The film adds a dimension of grey morality to the story. This could be perceived as a culture-based adaptation change, since modern society is less comfortable with a belief in pure good versus pure evil. For instance, Beowulf and Hrothgar are presented as good warrior-kings in the poem, while in the film, both men are presented as flawed and power-hungry, seduced by Grendel's mother and impregnating her with beasts that threaten their people (Grendel is now Hrothgar's illegitimate progeny; the Dragon is Beowulf's). At the end of the movie, the heroic Wiglaf is implied to fall prey to the temptation of Grendel's mother as well, subverting not only his noble characterization in the original poem, but the poem's ideas about heroism in general.

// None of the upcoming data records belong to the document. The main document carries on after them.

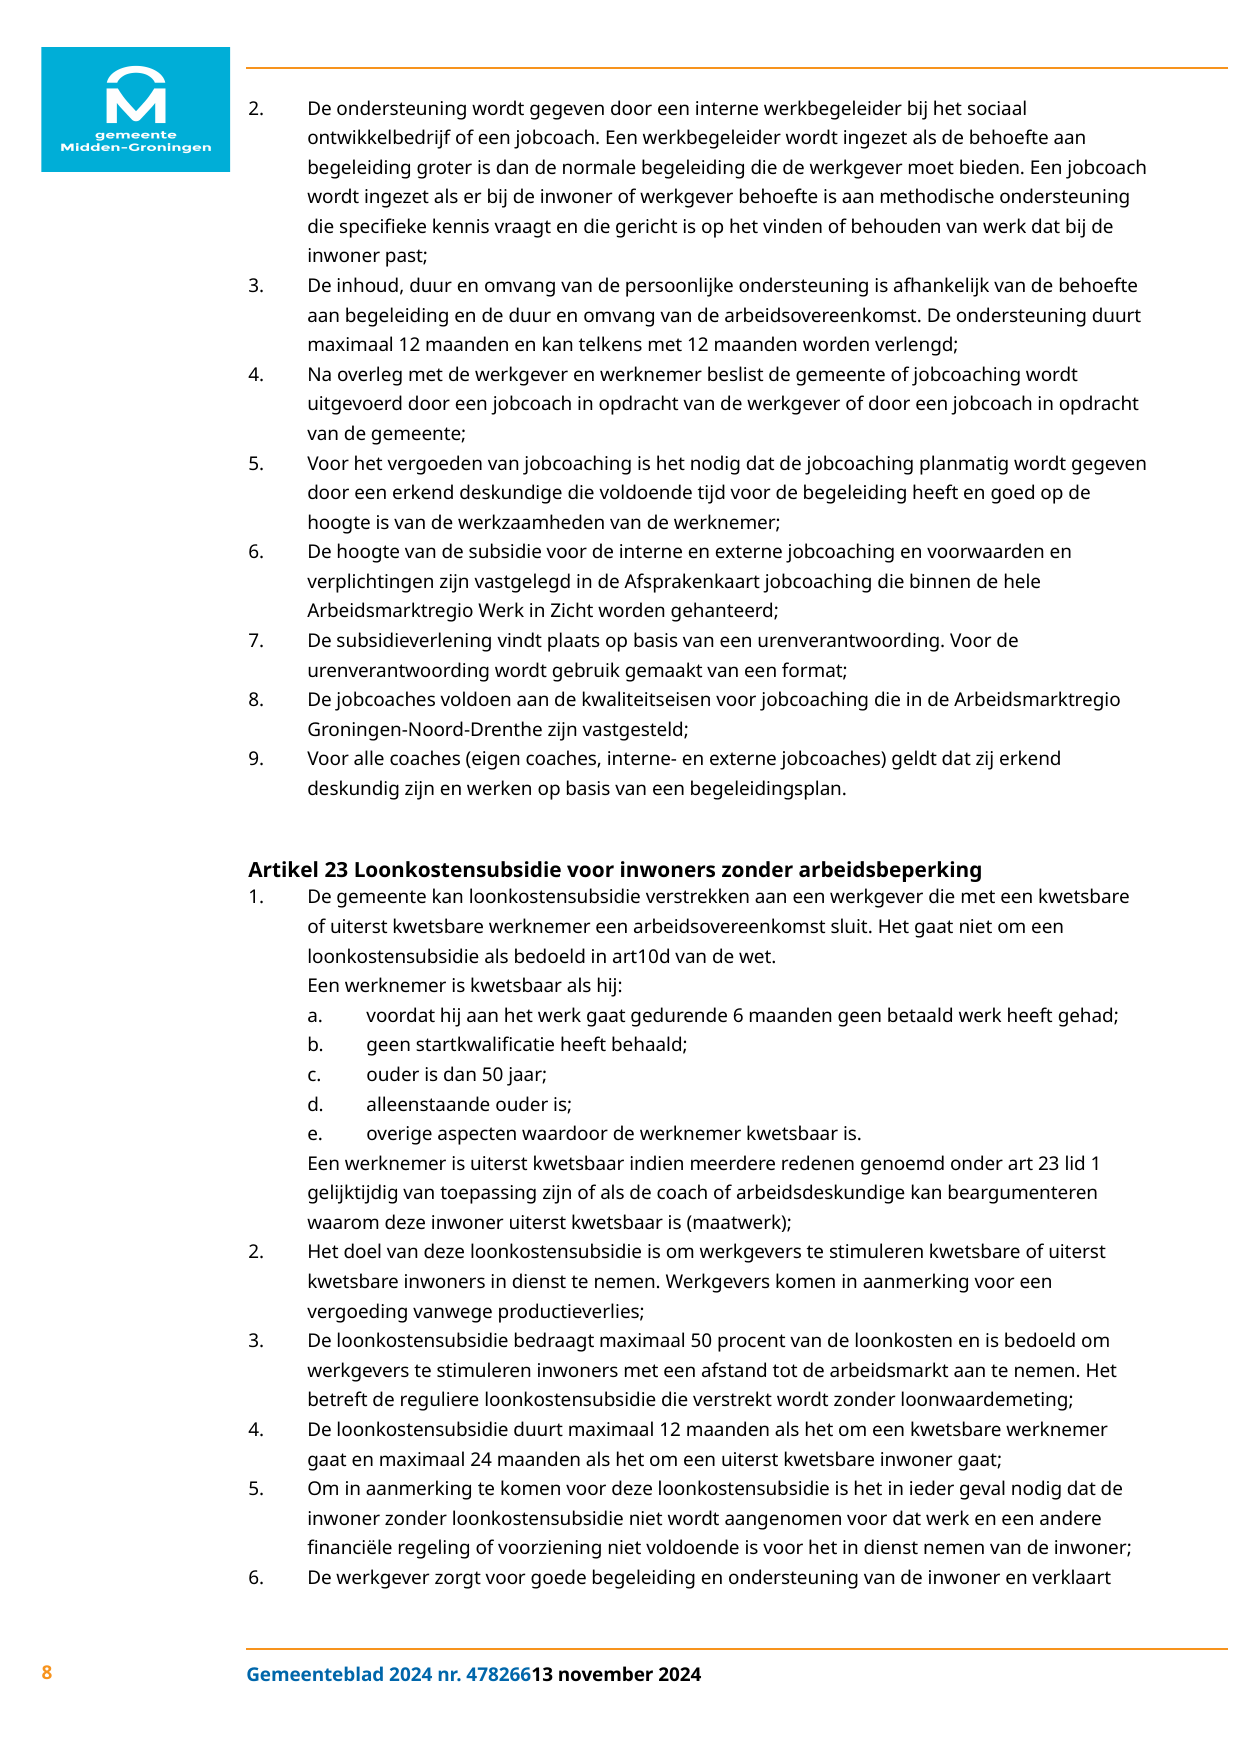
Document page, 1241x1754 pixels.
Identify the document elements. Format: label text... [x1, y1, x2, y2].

list geen startkwalificatie heeft behaald; [307, 1032, 1152, 1057]
picture [107, 89, 165, 122]
list De inhoud, duur en omvang van de persoonlijke ondersteuning is afhankelijk van de behoefte aan begeleiding en de duur en omvang van de arbeidsovereenkomst. De ondersteuning duurt maximaal 12 maanden en kan telkens met 12 maanden worden verlengd; [248, 272, 1152, 357]
list De subsidieverlening vindt plaats op basis van een urenverantwoording. Voor de urenverantwoording wordt gebruik gemaakt van een format; [248, 627, 1152, 683]
list De hoogte van de subsidie voor de interne en externe jobcoaching en voorwaarden en verplichtingen zijn vastgelegd in de Afsprakenkaart jobcoaching die binnen de hele Arbeidsmarktregio Werk in Zicht worden gehanteerd; [248, 538, 1152, 623]
list De jobcoaches voldoen aan de kwaliteitseisen voor jobcoaching die in de Arbeidsmarktregio Groningen-Noord-Drenthe zijn vastgesteld; [248, 686, 1152, 742]
list Voor het vergoeden van jobcoaching is het nodig dat de jobcoaching planmatig wordt gegeven door een erkend deskundige die voldoende tijd voor de begeleiding heeft en goed op de hoogte is van de werkzaamheden van de werknemer; [248, 450, 1152, 535]
list Voor alle coaches (eigen coaches, interne- en externe jobcoaches) geldt dat zij erkend deskundig zijn en werken op basis van een begeleidingsplan. [248, 746, 1152, 801]
text Artikel 23 Loonkostensubsidie voor inwoners zonder arbeidsbeperking [248, 855, 1152, 884]
list De loonkostensubsidie duurt maximaal 12 maanden als het om een kwetsbare werknemer gaat en maximaal 24 maanden als het om een uiterst kwetsbare inwoner gaat; [248, 1416, 1152, 1471]
list Een werknemer is uiterst kwetsbaar indien meerdere redenen genoemd onder art 23 lid 1 gelijktijdig van toepassing zijn of als de coach of arbeidsdeskundige kan beargumenteren waarom deze inwoner uiterst kwetsbaar is (maatwerk); [248, 1150, 1152, 1235]
list Het doel van deze loonkostensubsidie is om werkgevers te stimuleren kwetsbare of uiterst kwetsbare inwoners in dienst te nemen. Werkgevers komen in aanmerking voor een vergoeding vanwege productieverlies; [248, 1239, 1152, 1323]
list ouder is dan 50 jaar; [307, 1061, 1152, 1087]
list De gemeente kan loonkostensubsidie verstrekken aan een werkgever die met een kwetsbare of uiterst kwetsbare werknemer een arbeidsovereenkomst sluit. Het gaat niet om een loonkostensubsidie als bedoeld in art10d van de wet. [248, 884, 1152, 968]
list Een werknemer is kwetsbaar als hij: [248, 972, 1152, 998]
list De ondersteuning wordt gegeven door een interne werkbegeleider bij het sociaal ontwikkelbedrijf of een jobcoach. Een werkbegeleider wordt ingezet als de behoefte aan begeleiding groter is dan de normale begeleiding die de werkgever moet bieden. Een jobcoach wordt ingezet als er bij de inwoner of werkgever behoefte is aan methodische ondersteuning die specifieke kennis vraagt en die gericht is op het vinden of behouden van werk dat bij de inwoner past; [248, 95, 1152, 268]
list overige aspecten waardoor de werknemer kwetsbaar is. [307, 1120, 1152, 1146]
picture [108, 66, 164, 82]
list De loonkostensubsidie bedraagt maximaal 50 procent van de loonkosten en is bedoeld om werkgevers te stimuleren inwoners met een afstand tot de arbeidsmarkt aan te nemen. Het betreft de reguliere loonkostensubsidie die verstrekt wordt zonder loonwaardemeting; [248, 1327, 1152, 1412]
list Om in aanmerking te komen voor deze loonkostensubsidie is het in ieder geval nodig dat de inwoner zonder loonkostensubsidie niet wordt aangenomen voor dat werk en een andere financiële regeling of voorziening niet voldoende is voor het in dienst nemen van de inwoner; [248, 1475, 1152, 1560]
list alleenstaande ouder is; [307, 1091, 1152, 1116]
list De werkgever zorgt voor goede begeleiding en ondersteuning van de inwoner en verklaart [248, 1564, 1152, 1590]
list Na overleg met de werkgever en werknemer beslist de gemeente of jobcoaching wordt uitgevoerd door een jobcoach in opdracht van de werkgever of door een jobcoach in opdracht van de gemeente; [248, 361, 1152, 446]
list voordat hij aan het werk gaat gedurende 6 maanden geen betaald werk heeft gehad; [307, 1002, 1152, 1028]
picture [184, 146, 190, 153]
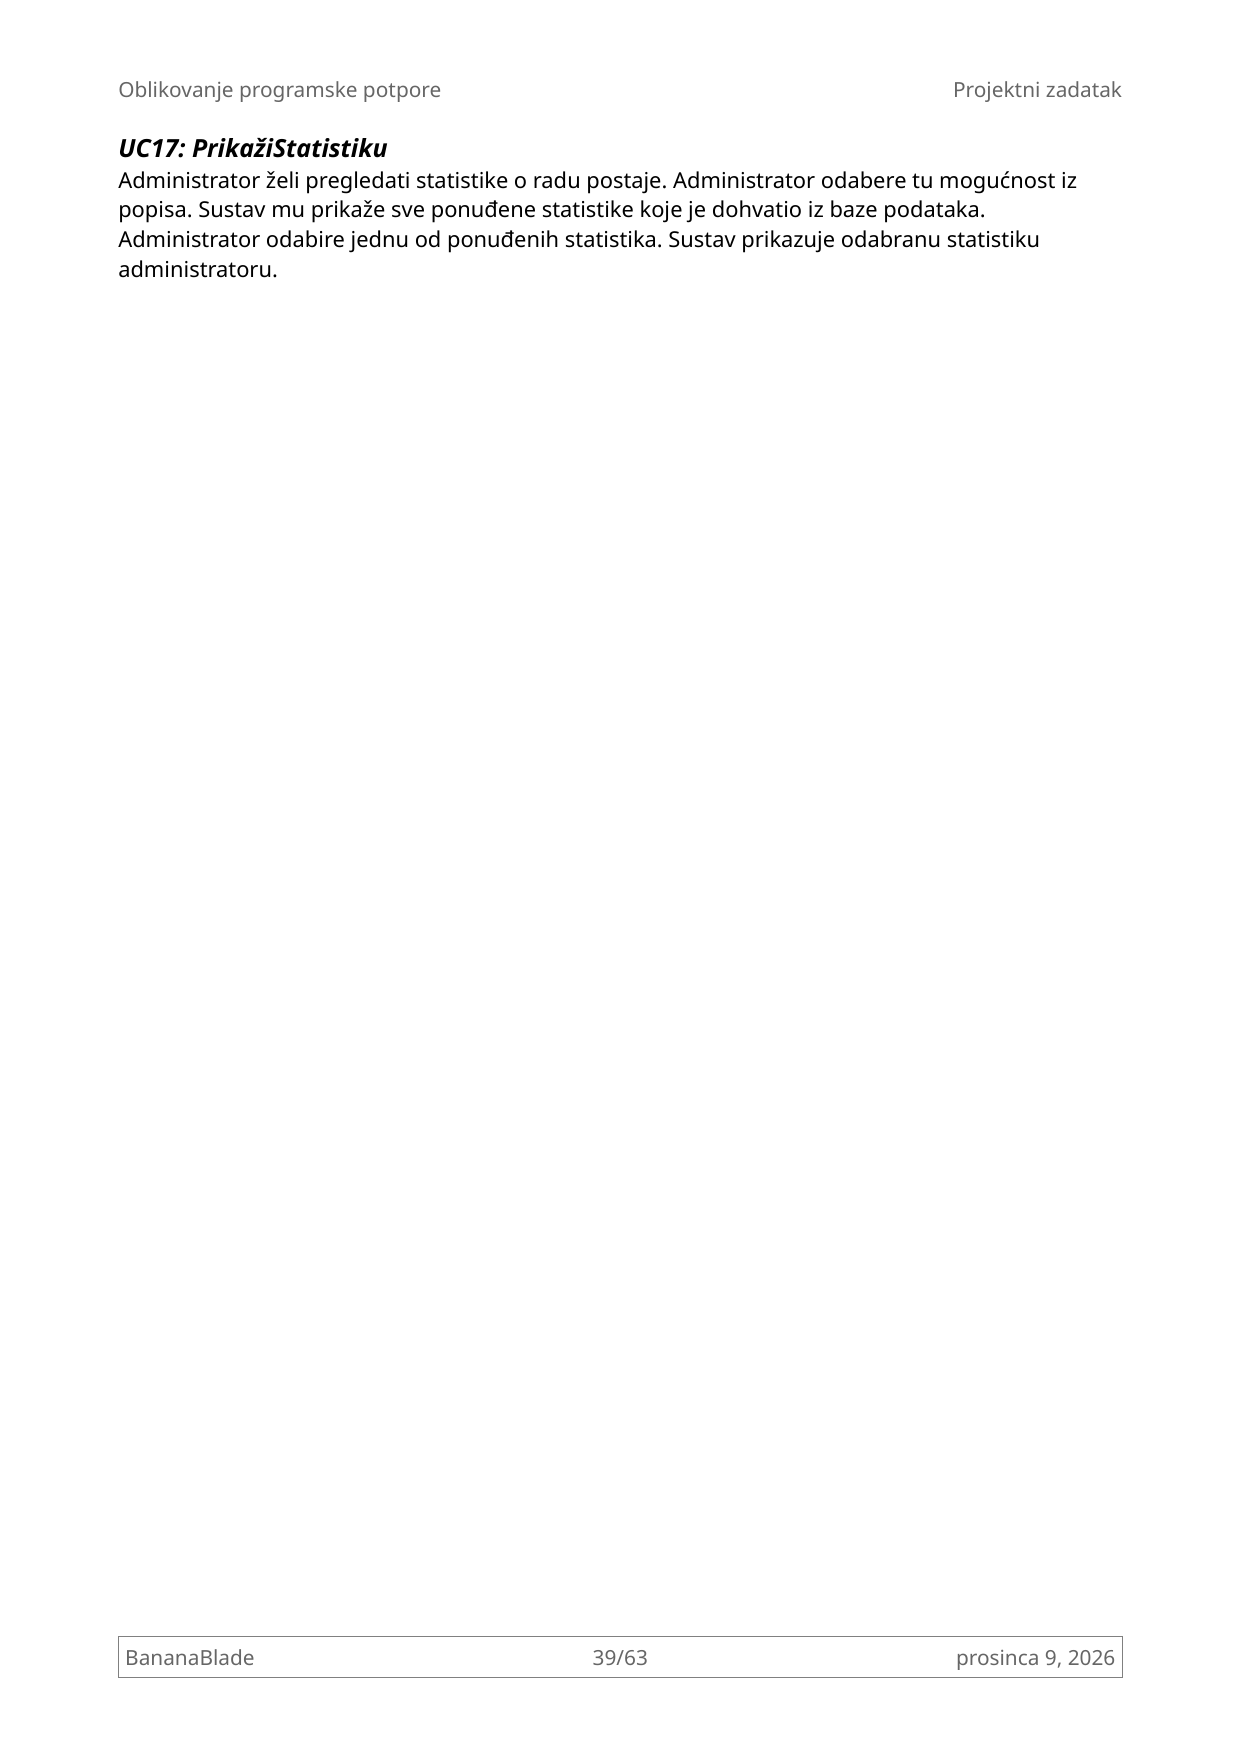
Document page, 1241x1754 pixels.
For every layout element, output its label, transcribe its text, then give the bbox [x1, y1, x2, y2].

text Administrator želi pregledati statistike o radu postaje. Administrator odabere tu mogućnost iz popisa. Sustav mu prikaže sve ponuđene statistike koje je dohvatio iz baze podataka. Administrator odabire jednu od ponuđenih statistika. Sustav prikazuje odabranu statistiku administratoru. [118, 165, 1122, 284]
subtitle UC17: PrikažiStatistiku [118, 131, 1122, 165]
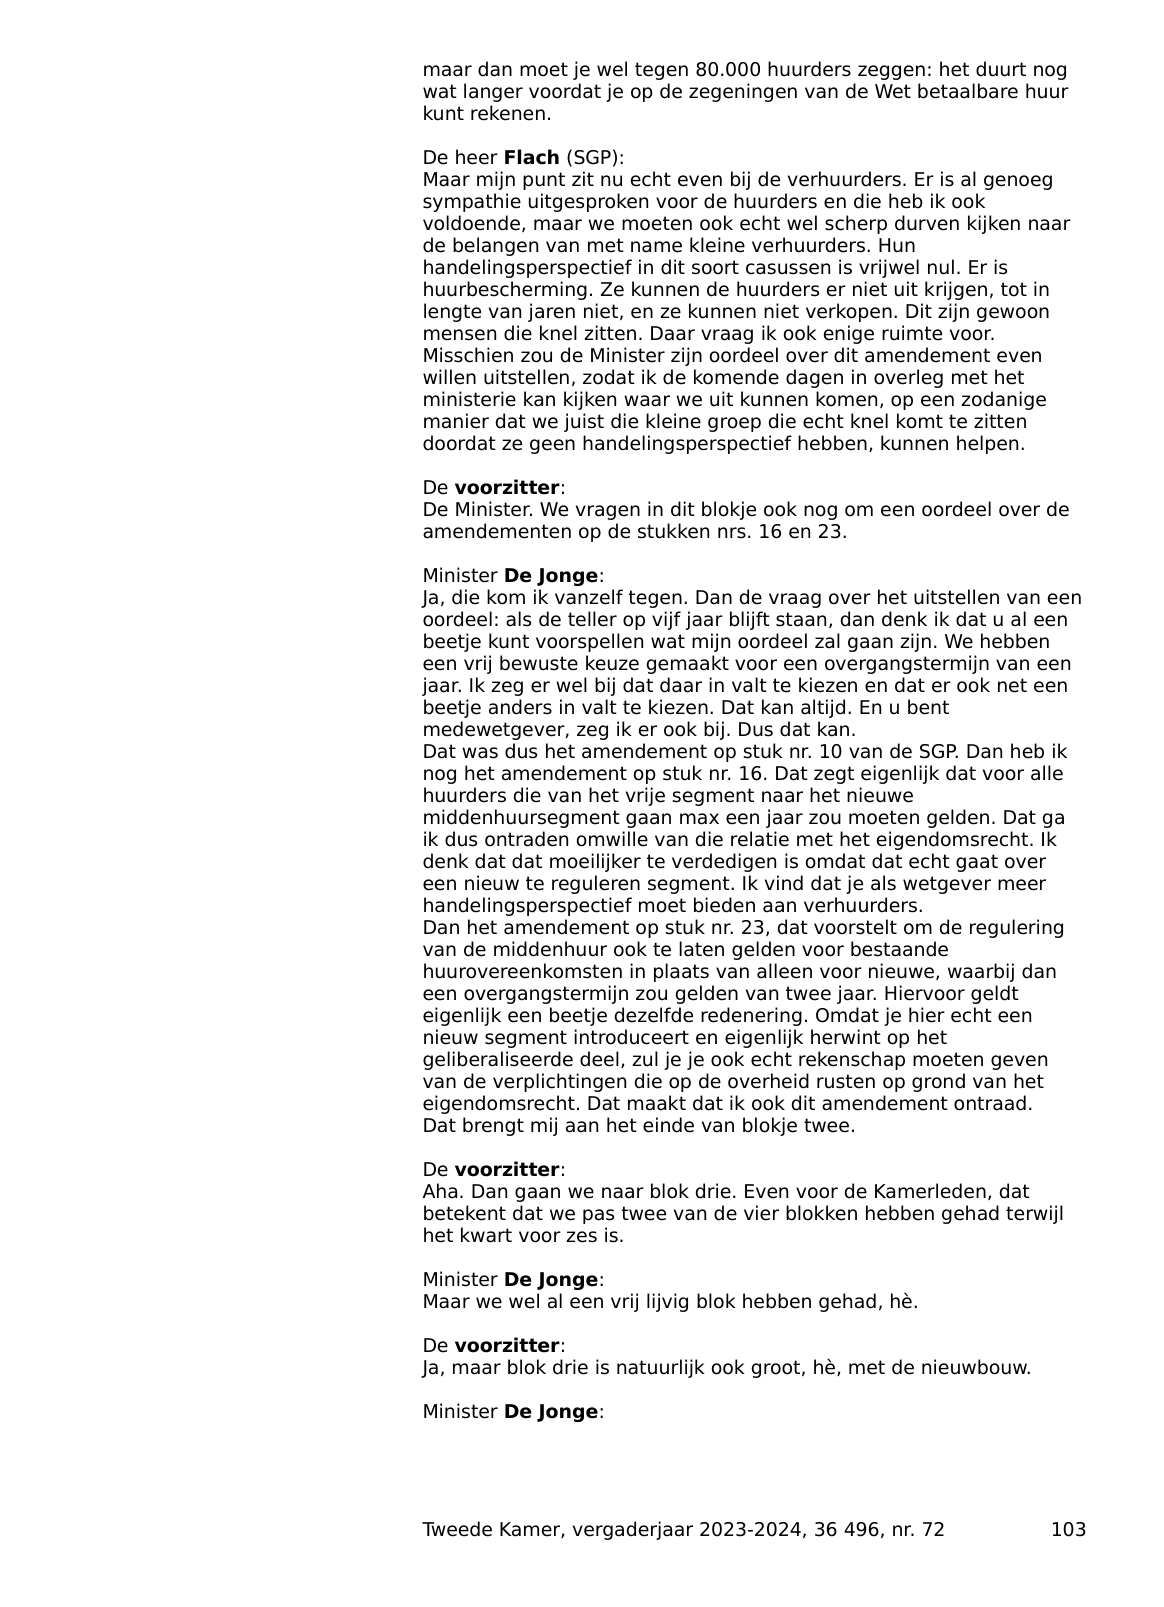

Film Grendel is less a vicious, antisocial beast than an outcast wronged by society, which is a more postmodern way of looking at the character. Contemporary fiction and film often recast traditional monsters like vampires or werewolves as misunderstood victims of social intolerance, so that could be seen as a cultural change as well. By complicating the motivations of the characters, the filmmakers seek to retell the epic in a way which they feel will connect with a modern audience less likely to buy into stark moralistic duality.

The tension between paganism and Christianity is also multiplied in the film. In the poem, the poet narrator is a Christian telling a story of pagan heroism. As a result, there is a contrast between Christian mercy and faith in an all-loving god, and the individualistic heroism of the pagan warrior-kings. The film brings this understated idea explicitly into the narrative, making Unferth a Christian and showing the influence of Christianity gradually overtaking Beowulf's pagan society.